Education and career

Mansfield was born on July 1, 1911, in Boston, Massachusetts, the son of Boston Mayor Frederick W. Mansfield and Helen Elizabeth (Roe) Mansfield. He received an Artium Baccalaureus degree from Harvard University in 1932. He received a Bachelor of Laws from Harvard Law School in 1935. He was in private practice of law in New York City, New York from 1935 to 1939, from 1941 to 1942, and from 1946 to 1966. Mansfield was the first American officer who was in headquarter of Chetnik leader Draža Mihailović.

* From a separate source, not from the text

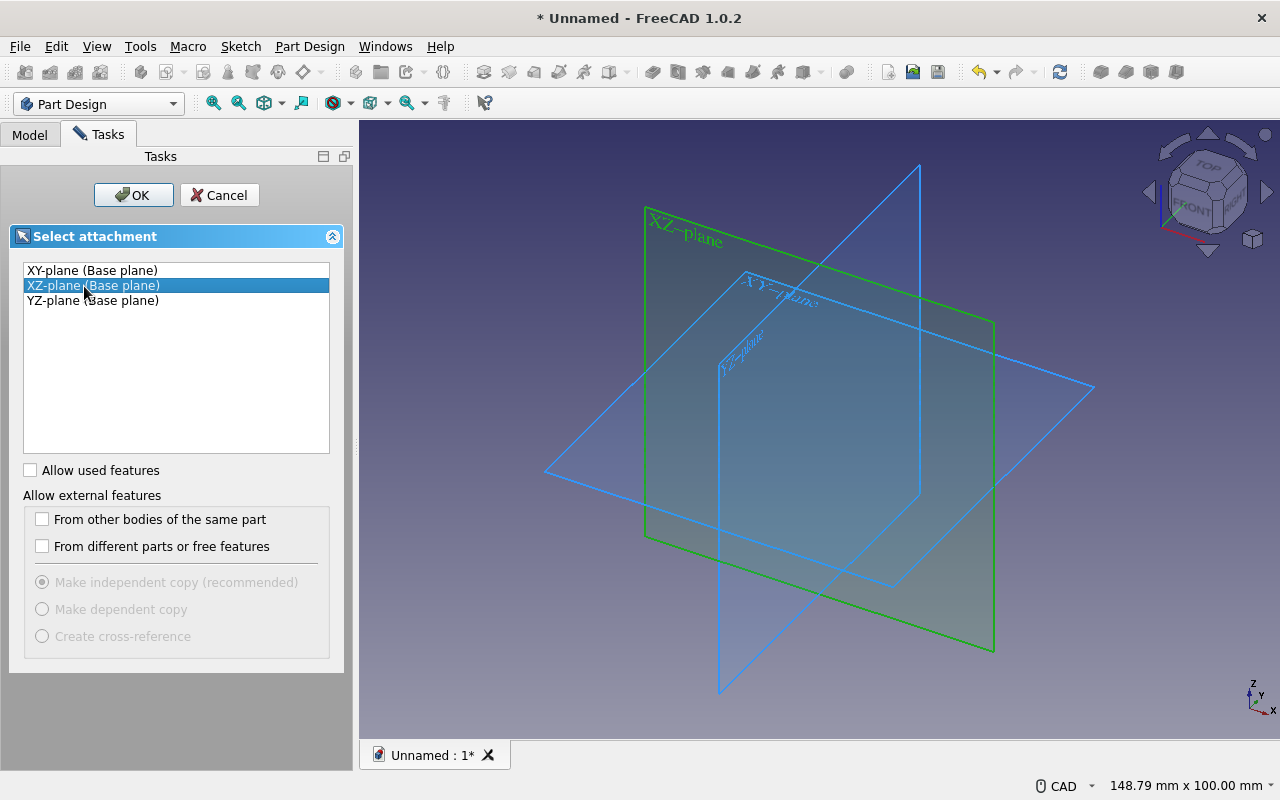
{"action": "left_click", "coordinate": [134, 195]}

He was an Assistant United States Attorney of the Southern District of New York from 1939 to 1941. He was in the United States Marine Corps from 1942 to 1946.

Federal judicial service

Mansfield was nominated by President Lyndon B. Johnson on June 13, 1966, to a seat on the United States District Court for the Southern District of New York vacated by Judge John M. Cashin. He was confirmed by the United States Senate on June 29, 1966, and received his commission the same day. His service was terminated on June 8, 1971, due to his elevation to the Second Circuit.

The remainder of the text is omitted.